HOW TO COMPLETE THIS TASK => Line by line, print the records exactly as they are, dropping the pictures.

Start of Block

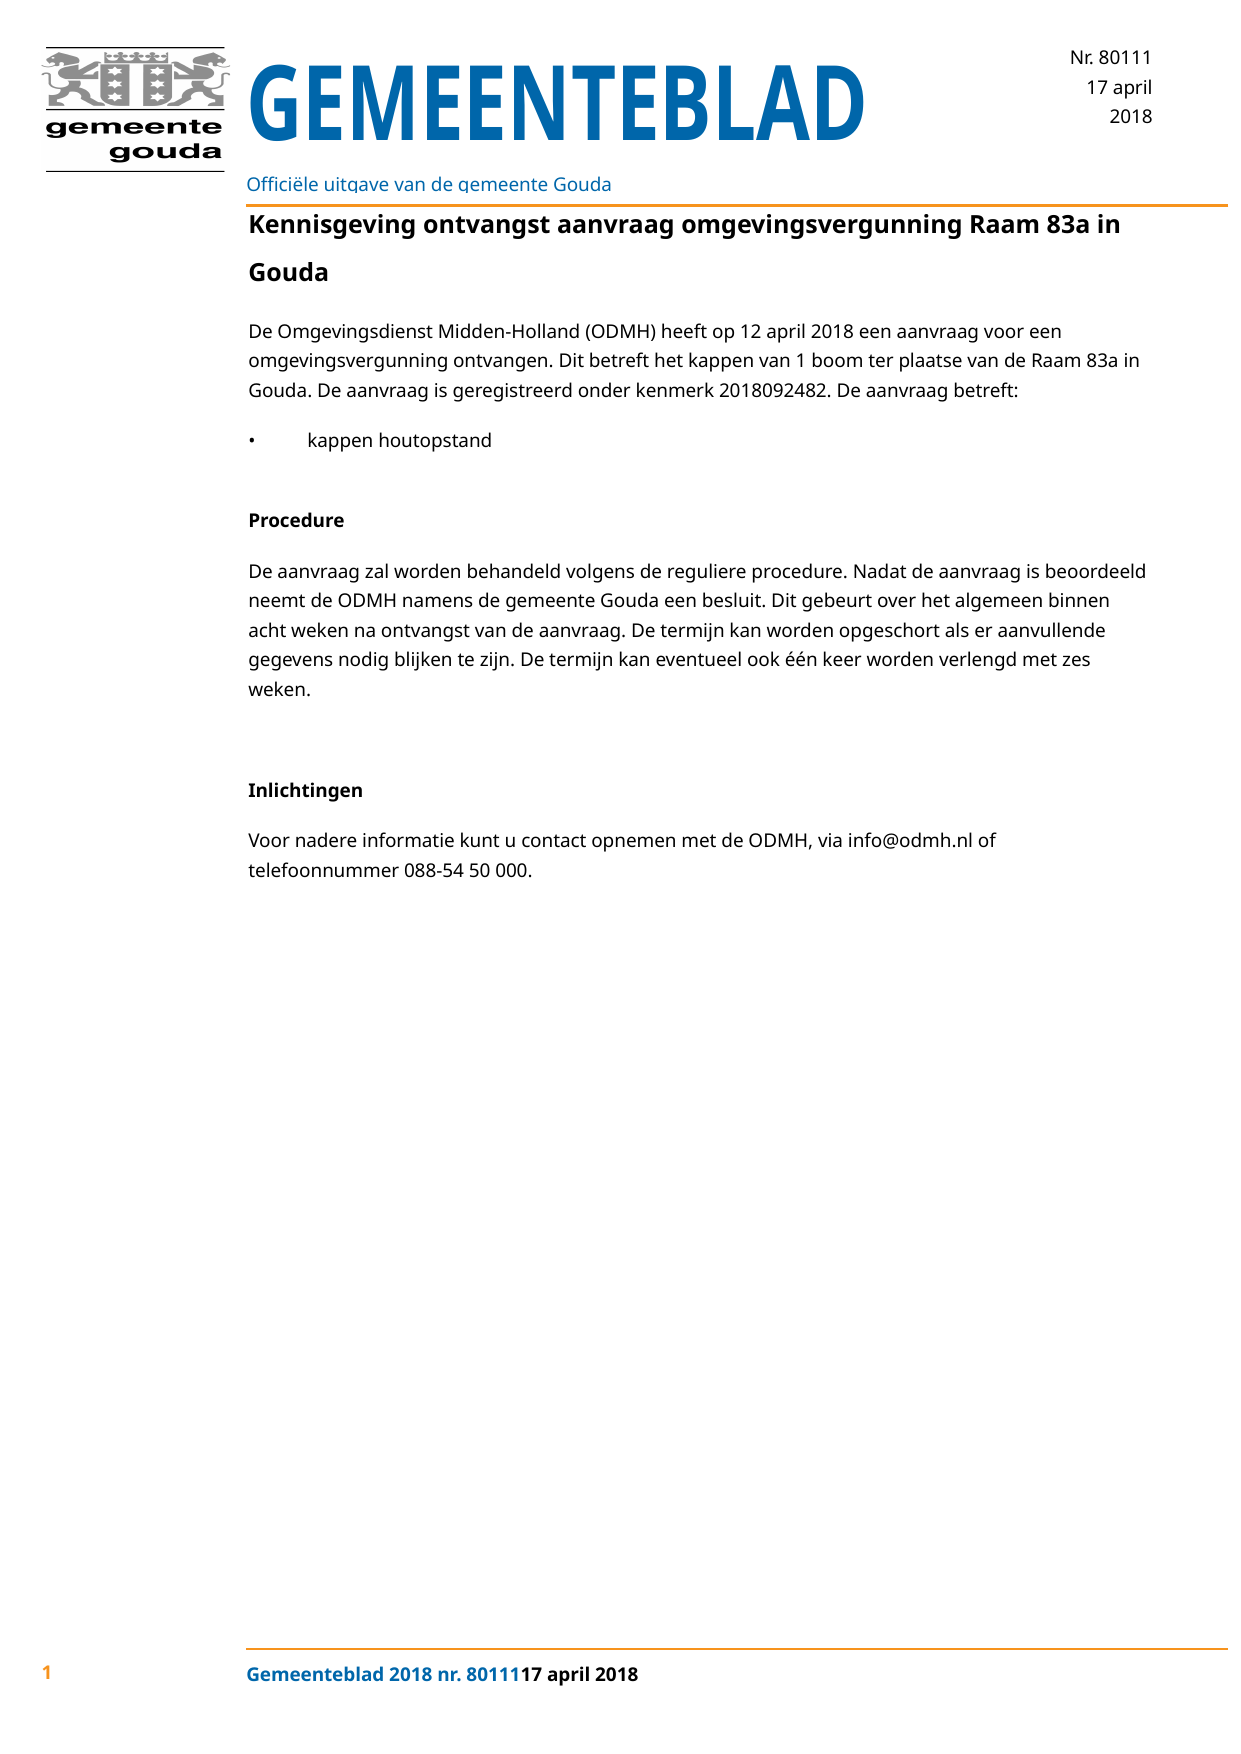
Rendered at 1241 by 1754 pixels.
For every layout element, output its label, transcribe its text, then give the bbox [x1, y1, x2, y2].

text Kennisgeving ontvangst aanvraag omgevingsvergunning Raam 83a in Gouda [248, 207, 1152, 288]
text De Omgevingsdienst Midden-Holland (ODMH) heeft op 12 april 2018 een aanvraag voor een omgevingsvergunning ontvangen. Dit betreft het kappen van 1 boom ter plaatse van de Raam 83a in Gouda. De aanvraag is geregistreerd onder kenmerk 2018092482. De aanvraag betreft: [248, 318, 1152, 403]
text Procedure [248, 507, 1152, 533]
picture [41, 47, 231, 172]
text Voor nadere informatie kunt u contact opnemen met de ODMH, via info@odmh.nl of telefoonnummer 088-54 50 000. [248, 827, 1152, 883]
text Inlichtingen [248, 777, 1152, 803]
list kappen houtopstand [248, 427, 1152, 453]
text De aanvraag zal worden behandeld volgens de reguliere procedure. Nadat de aanvraag is beoordeeld neemt de ODMH namens de gemeente Gouda een besluit. Dit gebeurt over het algemeen binnen acht weken na ontvangst van de aanvraag. De termijn kan worden opgeschort als er aanvullende gegevens nodig blijken te zijn. De termijn kan eventueel ook één keer worden verlengd met zes weken. [248, 558, 1152, 702]

End of Block

ANSWER SPACE =>
Rendered at 1241 by 1754 pixels.
For every layout element, output its label, transcribe its text, then give the bbox [x1, y1, x2, y2].

text Kennisgeving ontvangst aanvraag omgevingsvergunning Raam 83a in Gouda [248, 207, 1152, 288]
text De Omgevingsdienst Midden-Holland (ODMH) heeft op 12 april 2018 een aanvraag voor een omgevingsvergunning ontvangen. Dit betreft het kappen van 1 boom ter plaatse van de Raam 83a in Gouda. De aanvraag is geregistreerd onder kenmerk 2018092482. De aanvraag betreft: [248, 318, 1152, 403]
text Procedure [248, 507, 1152, 533]
picture [41, 47, 231, 172]
text Voor nadere informatie kunt u contact opnemen met de ODMH, via info@odmh.nl of telefoonnummer 088-54 50 000. [248, 827, 1152, 883]
text Inlichtingen [248, 777, 1152, 803]
list kappen houtopstand [248, 427, 1152, 453]
text De aanvraag zal worden behandeld volgens de reguliere procedure. Nadat de aanvraag is beoordeeld neemt de ODMH namens de gemeente Gouda een besluit. Dit gebeurt over het algemeen binnen acht weken na ontvangst van de aanvraag. De termijn kan worden opgeschort als er aanvullende gegevens nodig blijken te zijn. De termijn kan eventueel ook één keer worden verlengd met zes weken. [248, 558, 1152, 702]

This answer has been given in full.